Jamie Foxx, Regina King, Kerry Washington, Clifton Powell, Harry J Lennix
Directed by Taylor Hackford
A great piece of acting can knock the hell out of tainted preconceptions. Or, in the case of Ray, director Taylor Hackford's electrifying take on the joyous art and pained soul of Ray Charles, it can move a film from the shoals of biopic banality to the heights of inspiration. Jamie Foxx gets so far inside the man and his music that he and Ray Charles seem to breathe as one.
Foxx's fierce, funny, deeply felt performance deserves to be legendary.

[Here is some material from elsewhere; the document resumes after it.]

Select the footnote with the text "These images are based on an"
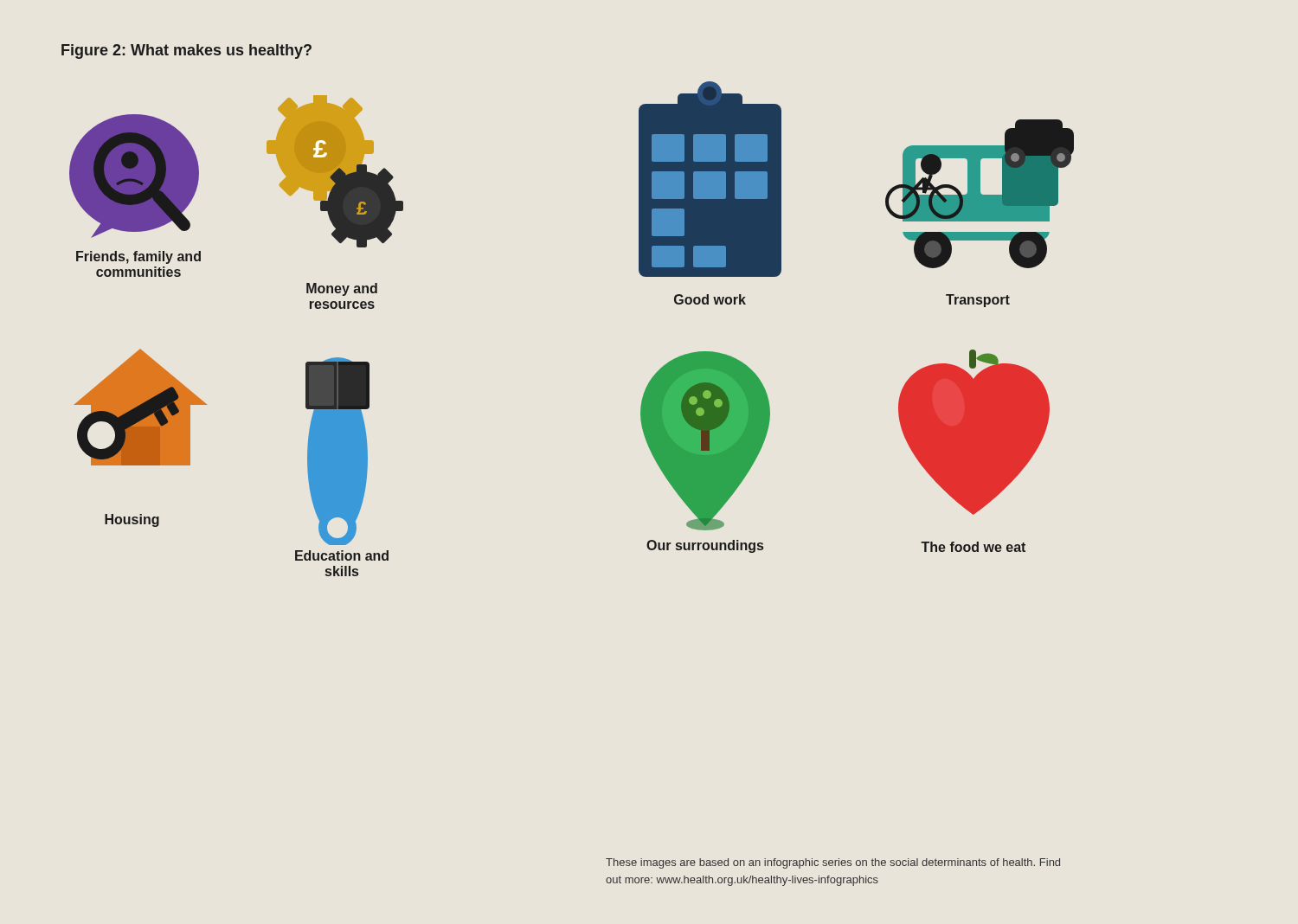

And he doesn't stop at technical wizardry. A skilled pianist, Foxx does Charles proud on the keyboard. And though he only moves his lips to Charles' vocals on hits such as "I Got a Woman," "What'd I Say," "Unchain My Heart" and "Georgia on My Mind," Foxx shifts from song to conversation with an ease that suggests channeling instead of mimicry. Foxx never stoops to tear-jerking as he cuts to the emotional core of Charles' story — his dirt-poor Georgia roots, his blindness since age seven, his battles with racism, his infidelities, his ruthless business dealings and his twenty-year heroin addiction.
Ray Charles, from his birth in 1930 to his death from liver disease in June, was a handful. His laundress mama, strongly played by Sharon Warren, never coddled him, even after Ray saw his brother drown in a tub of boiling wash water. And when blindness overtook Ray, she taught him to lean on his other senses. These flashbacks could have been maudlin, but Hackford (An Officer and a Gentleman), in top form, gives them a hard clarity that explains why Charles offered his trust rarely and never used a cane or a dog.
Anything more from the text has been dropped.